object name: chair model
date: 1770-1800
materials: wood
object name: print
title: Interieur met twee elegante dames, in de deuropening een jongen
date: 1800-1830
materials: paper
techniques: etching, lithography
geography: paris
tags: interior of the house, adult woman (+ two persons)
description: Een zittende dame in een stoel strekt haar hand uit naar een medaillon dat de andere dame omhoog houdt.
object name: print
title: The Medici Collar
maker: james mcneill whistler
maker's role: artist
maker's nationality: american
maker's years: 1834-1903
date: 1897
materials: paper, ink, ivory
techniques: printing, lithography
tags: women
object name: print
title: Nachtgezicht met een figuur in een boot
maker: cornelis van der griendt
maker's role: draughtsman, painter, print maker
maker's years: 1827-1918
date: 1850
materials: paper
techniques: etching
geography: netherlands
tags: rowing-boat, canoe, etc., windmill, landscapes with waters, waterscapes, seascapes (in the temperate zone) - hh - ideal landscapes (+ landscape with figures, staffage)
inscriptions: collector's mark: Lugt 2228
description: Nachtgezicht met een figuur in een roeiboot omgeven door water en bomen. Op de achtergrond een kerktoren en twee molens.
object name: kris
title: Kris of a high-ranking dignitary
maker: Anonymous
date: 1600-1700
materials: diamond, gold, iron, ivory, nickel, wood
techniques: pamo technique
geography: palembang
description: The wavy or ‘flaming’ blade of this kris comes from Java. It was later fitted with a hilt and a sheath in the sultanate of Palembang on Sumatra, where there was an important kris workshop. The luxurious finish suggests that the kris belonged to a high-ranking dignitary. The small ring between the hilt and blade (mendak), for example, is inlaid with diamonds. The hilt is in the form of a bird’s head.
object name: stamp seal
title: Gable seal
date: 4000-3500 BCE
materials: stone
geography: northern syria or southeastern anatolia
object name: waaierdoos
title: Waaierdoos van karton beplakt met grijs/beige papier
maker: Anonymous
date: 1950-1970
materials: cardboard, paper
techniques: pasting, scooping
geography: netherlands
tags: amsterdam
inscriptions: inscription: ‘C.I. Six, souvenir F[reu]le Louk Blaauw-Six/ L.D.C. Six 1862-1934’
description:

• • • • •

◆ **Problem description**
Please return the lines above that run from the line containing "title: The Medici Collar" to the line containing "inscriptions: collector's mark: Lugt 2228", inclusive, exactly and with no other lines.

◆ **Reply**
title: The Medici Collar
maker: james mcneill whistler
maker's role: artist
maker's nationality: american
maker's years: 1834-1903
date: 1897
materials: paper, ink, ivory
techniques: printing, lithography
tags: women
object name: print
title: Nachtgezicht met een figuur in een boot
maker: cornelis van der griendt
maker's role: draughtsman, painter, print maker
maker's years: 1827-1918
date: 1850
materials: paper
techniques: etching
geography: netherlands
tags: rowing-boat, canoe, etc., windmill, landscapes with waters, waterscapes, seascapes (in the temperate zone) - hh - ideal landscapes (+ landscape with figures, staffage)
inscriptions: collector's mark: Lugt 2228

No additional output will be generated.